Commit graph

101 commits

Author SHA1 Message Date
Lennart Poettering efdb02375b core: unified cgroup hierarchy support
This patch set adds full support the new unified cgroup hierarchy logic
of modern kernels.

A new kernel command line option "systemd.unified_cgroup_hierarchy=1" is
added. If specified the unified hierarchy is mounted to /sys/fs/cgroup
instead of a tmpfs. No further hierarchies are mounted. The kernel
command line option defaults to off. We can turn it on by default as
soon as the kernel's APIs regarding this are stabilized (but even then
downstream distros might want to turn this off, as this will break any
tools that access cgroupfs directly).

It is possibly to choose for each boot individually whether the unified
or the legacy hierarchy is used. nspawn will by default provide the
legacy hierarchy to containers if the host is using it, and the unified
otherwise. However it is possible to run containers with the unified
hierarchy on a legacy host and vice versa, by setting the
$UNIFIED_CGROUP_HIERARCHY environment variable for nspawn to 1 or 0,
respectively.

The unified hierarchy provides reliable cgroup empty notifications for
the first time, via inotify. To make use of this we maintain one
manager-wide inotify fd, and each cgroup to it.

This patch also removes cg_delete() which is unused now.

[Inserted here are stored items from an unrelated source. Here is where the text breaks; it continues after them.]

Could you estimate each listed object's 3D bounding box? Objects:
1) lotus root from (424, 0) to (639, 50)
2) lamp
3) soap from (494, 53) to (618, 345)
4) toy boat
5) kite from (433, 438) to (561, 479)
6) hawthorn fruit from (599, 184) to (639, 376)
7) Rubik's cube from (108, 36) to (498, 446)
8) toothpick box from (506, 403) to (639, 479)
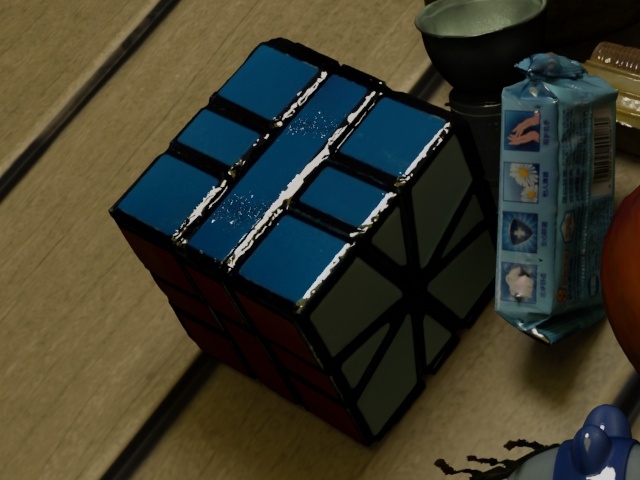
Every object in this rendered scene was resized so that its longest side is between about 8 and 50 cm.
[{"bbox_3d":[0.285,-0.347,1.855,0.346,0.250,0.250,-13,52,12],"label":"lotus root"},{"bbox_3d":[0.202,-0.153,1.750,0.172,0.227,0.147,-7,27,10],"label":"lamp"},{"bbox_3d":[0.246,-0.046,1.632,0.077,0.156,0.293,6,98,35],"label":"soap"},{"bbox_3d":[0.360,-0.164,1.790,0.310,0.089,0.115,22,75,31],"label":"toy boat"},{"bbox_3d":[0.183,0.211,1.490,0.141,0.245,0.015,-24,70,19],"label":"kite"},{"bbox_3d":[0.497,0.045,1.369,0.472,0.472,0.471,-10,52,13],"label":"hawthorn fruit"},{"bbox_3d":[0.000,0.000,1.674,0.283,0.293,0.288,27,66,31],"label":"Rubik's cube"},{"bbox_3d":[0.249,0.324,1.360,0.263,0.263,0.354,-1,53,19],"label":"toothpick box"}]

On kernel 4.2 only the "memory" controller is compatible with the
unified hierarchy, hence that's the only controller systemd exposes when
booted in unified heirarchy mode.

This introduces a new enum for enumerating supported controllers, plus a
related enum for the mask bits mapping to it. The core is changed to
make use of this everywhere.

This moves PID 1 into a new "init.scope" implicit scope unit in the root
slice. This is necessary since on the unified hierarchy cgroups may
either contain subgroups or processes but not both. PID 1 hence has to
move out of the root cgroup (strictly speaking the root cgroup is the
only one where processes and subgroups are still allowed, but in order
to support containers nicey, we move PID 1 into the new scope in all
cases.) This new unit is also used on legacy hierarchy setups. It's
actually pretty useful on all systems, as it can then be used to filter
journal messages coming from PID 1, and so on.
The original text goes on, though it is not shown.